The utility model also provides an electronic equipment, a serial communication port, include as above bone vocal print sensor.

The utility model discloses in, through setting up vibration damping on the vibrating diaphragm, can utilize vibration damping's damping characteristic, the frequency response characteristic of adjustment vibrating diaphragm to can suppress peak sensitivity, improve bone voiceprint sensor's frequency response characteristic, enlarge bone voiceprint sensor's work bandwidth width, promote product property ability.

In addition, the working bandwidth, the peak sensitivity and the like of the bone voiceprint sensor can be adjusted by adjusting the volume (such as the length, the width, the height and the like) and/or the material, the elastic modulus and the like of the vibration damping, so that the adaptability of the bone voiceprint sensor is improved.

Drawings

In order to more clearly illustrate the embodiments of the present invention or the technical solutions in the prior art, the drawings needed to be used in the description of the embodiments or the prior art will be briefly described below, it is obvious that the drawings in the following description are only some embodiments of the present invention, and for those skilled in the art, other drawings can be obtained according to the structures shown in the drawings without creative efforts.

Fig. 1 is a schematic structural diagram of an embodiment of the bone voiceprint sensor of the present invention;

FIG. 2 is a graph of sensitivity versus vibration frequency for the bone voiceprint sensor of FIG. 1;

fig. 3 is a schematic structural diagram of another embodiment of the bone voiceprint sensor according to the present invention;

fig. 4 is a schematic structural diagram of another embodiment of the bone voiceprint sensor according to the present invention;

fig. 5 is a partial enlarged view of fig. 4 at D.
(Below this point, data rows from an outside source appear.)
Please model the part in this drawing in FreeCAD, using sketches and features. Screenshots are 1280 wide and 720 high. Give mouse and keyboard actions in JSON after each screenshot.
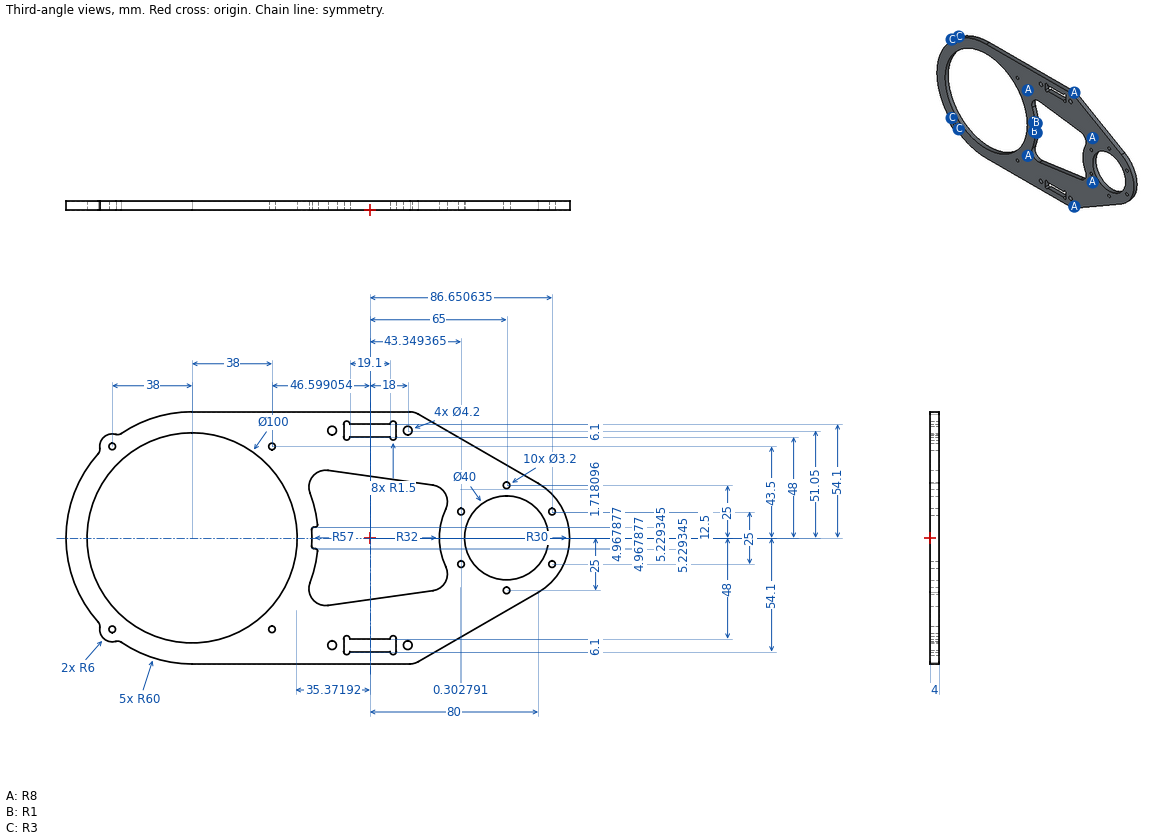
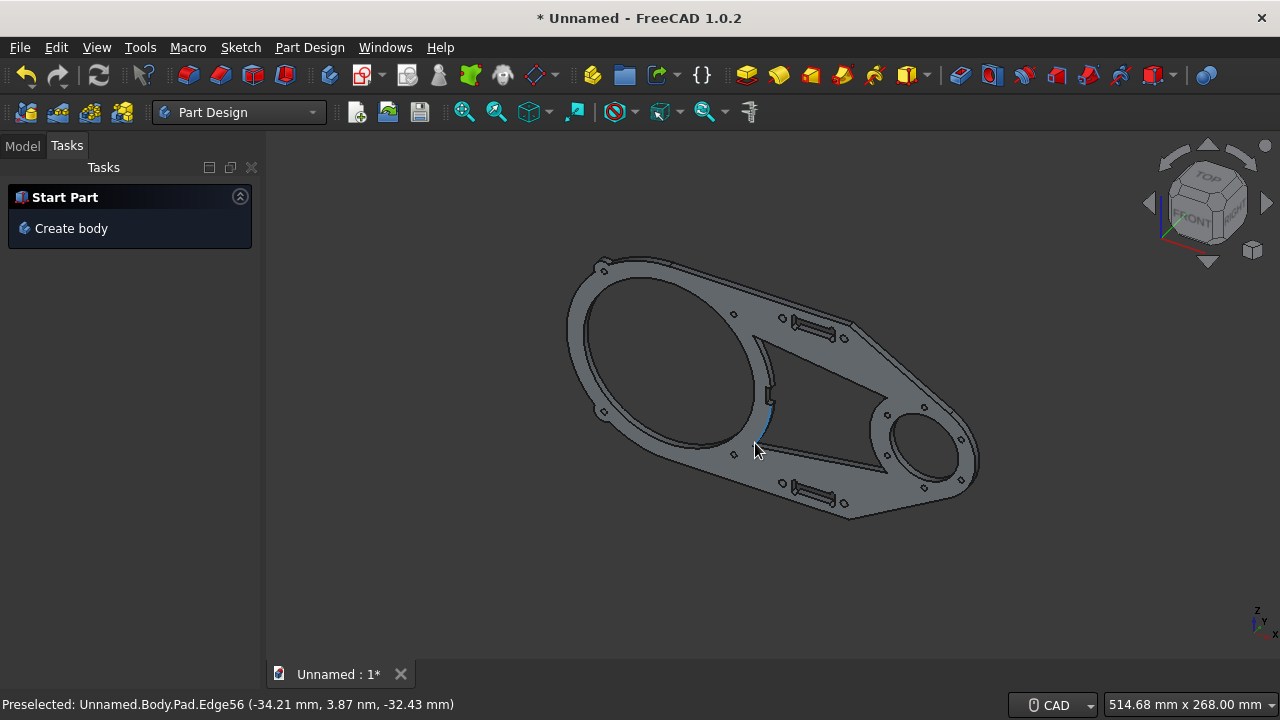
{"action": "key", "text": "0"}
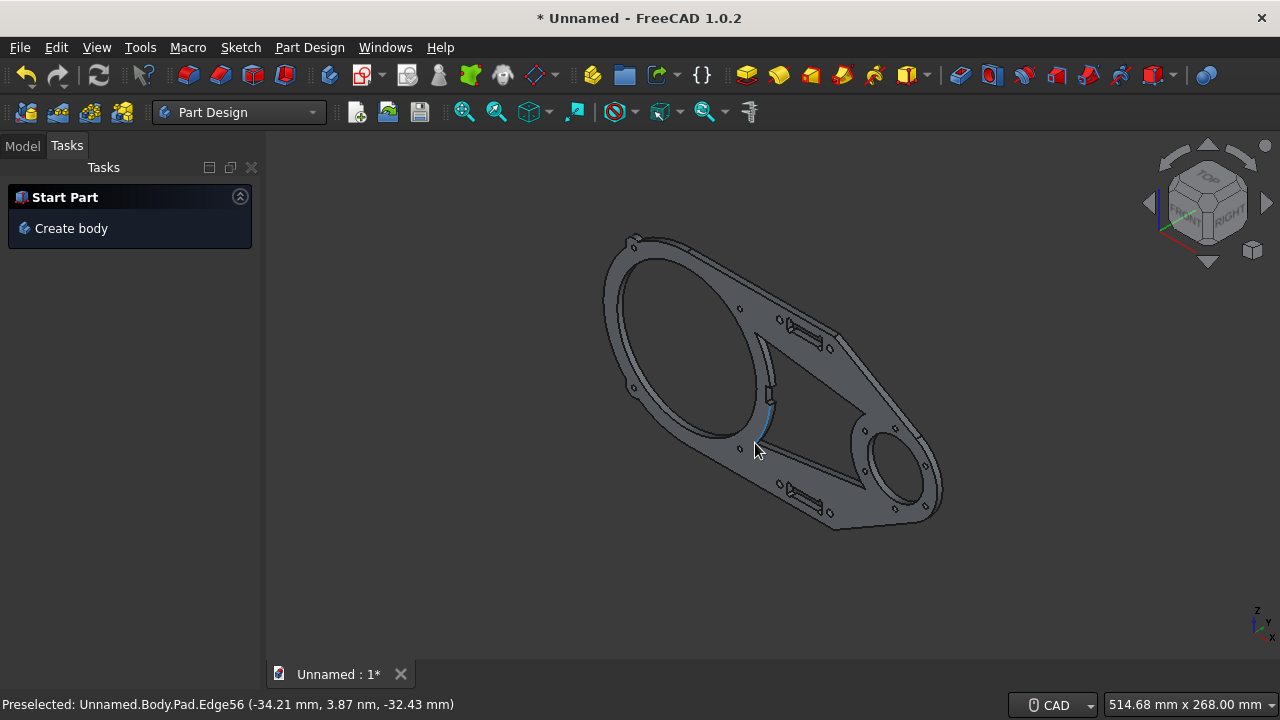
{"action": "scroll", "coordinate": [758, 441], "scroll_direction": "up", "scroll_amount": 9}
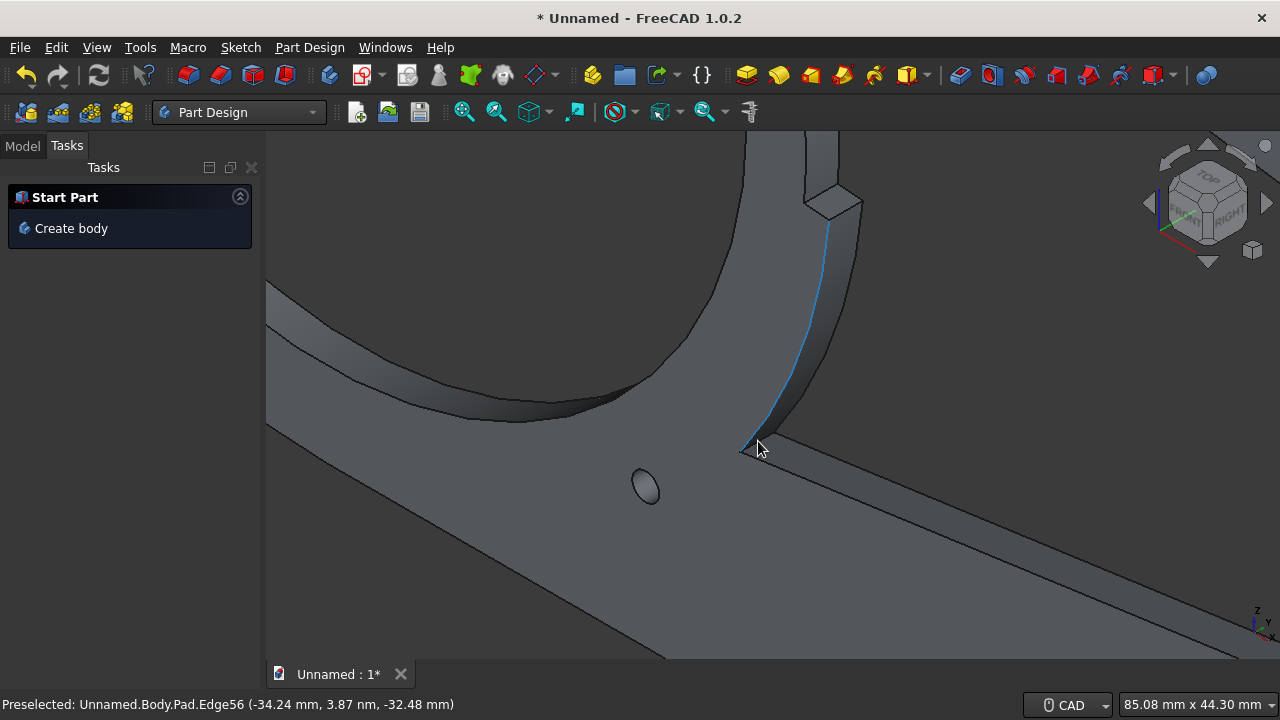
{"action": "left_click", "coordinate": [466, 112]}
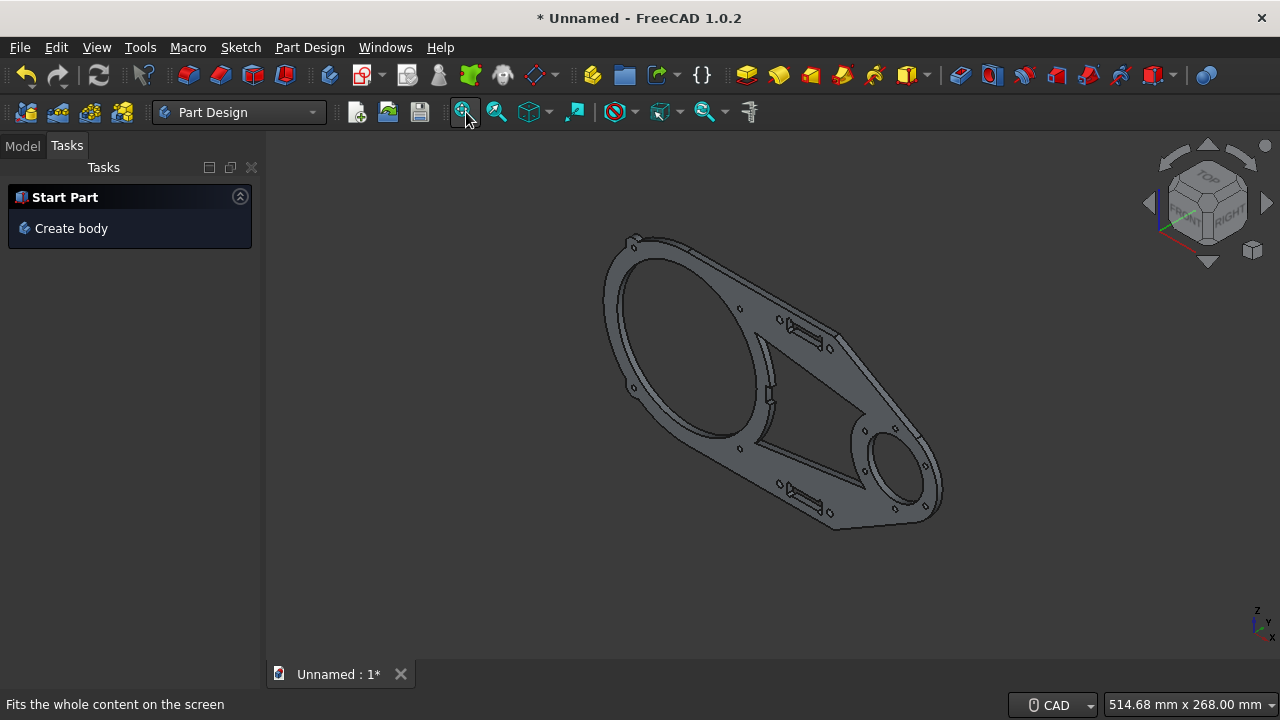
{"action": "key", "text": "2"}
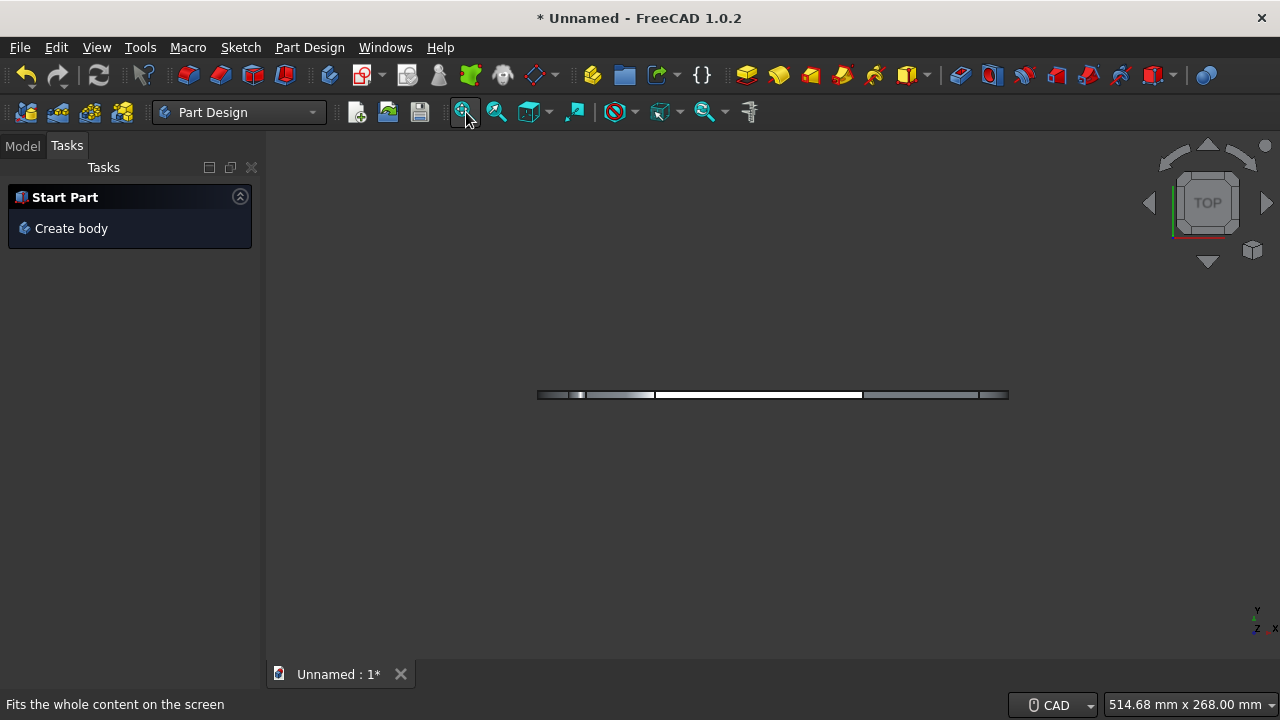
{"action": "scroll", "coordinate": [752, 394], "scroll_direction": "up", "scroll_amount": 9}
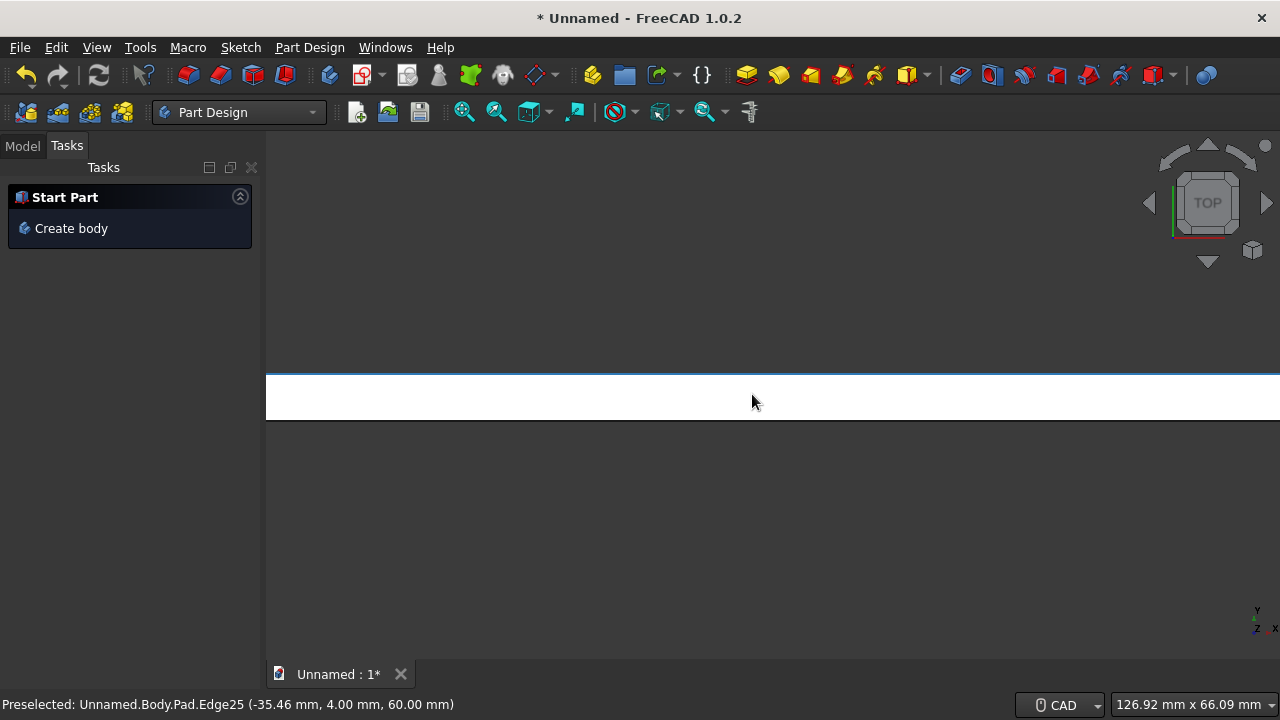
{"action": "left_click", "coordinate": [466, 112]}
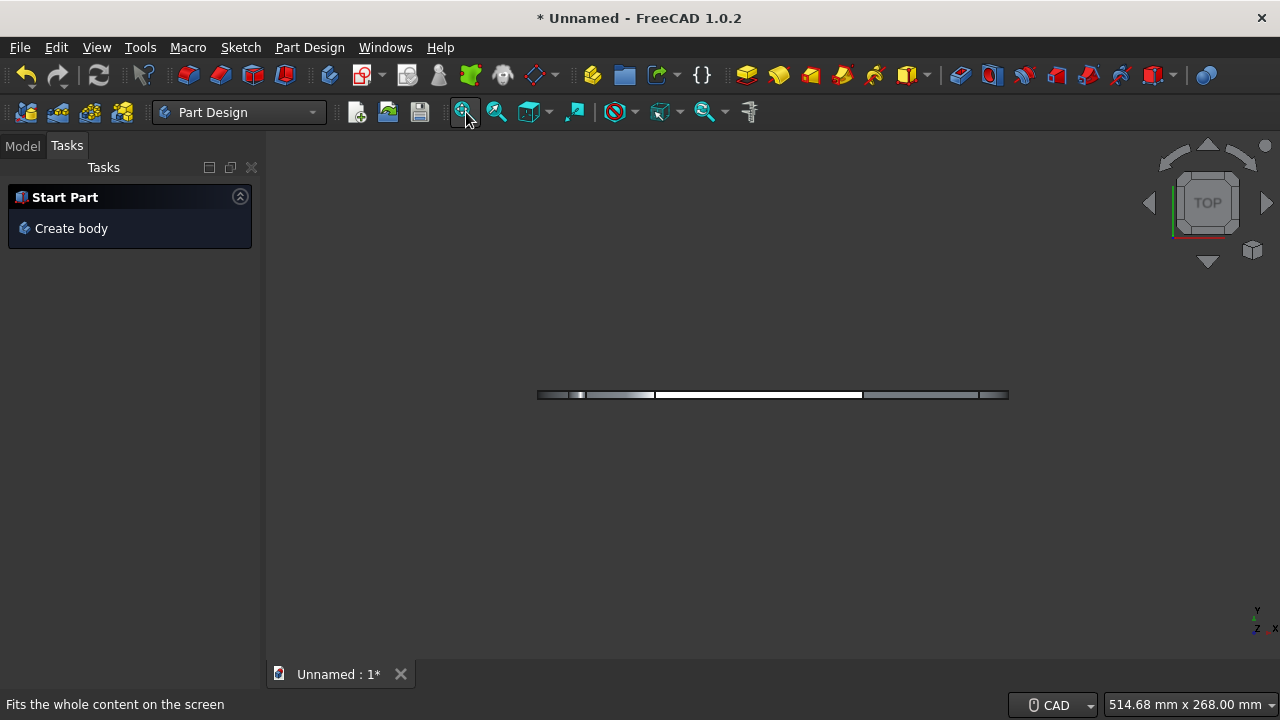
{"action": "key", "text": "1"}

The reference numbers illustrate:

the objects, features and advantages of the present invention will be further described with reference to the accompanying drawings.

Detailed Description

The technical solutions in the embodiments of the present invention will be described clearly and completely with reference to the accompanying drawings in the embodiments of the present invention, and it is obvious that the described embodiments are only some embodiments of the present invention, not all embodiments. Based on the embodiments in the present invention, all other embodiments obtained by a person skilled in the art without creative efforts belong to the protection scope of the present invention.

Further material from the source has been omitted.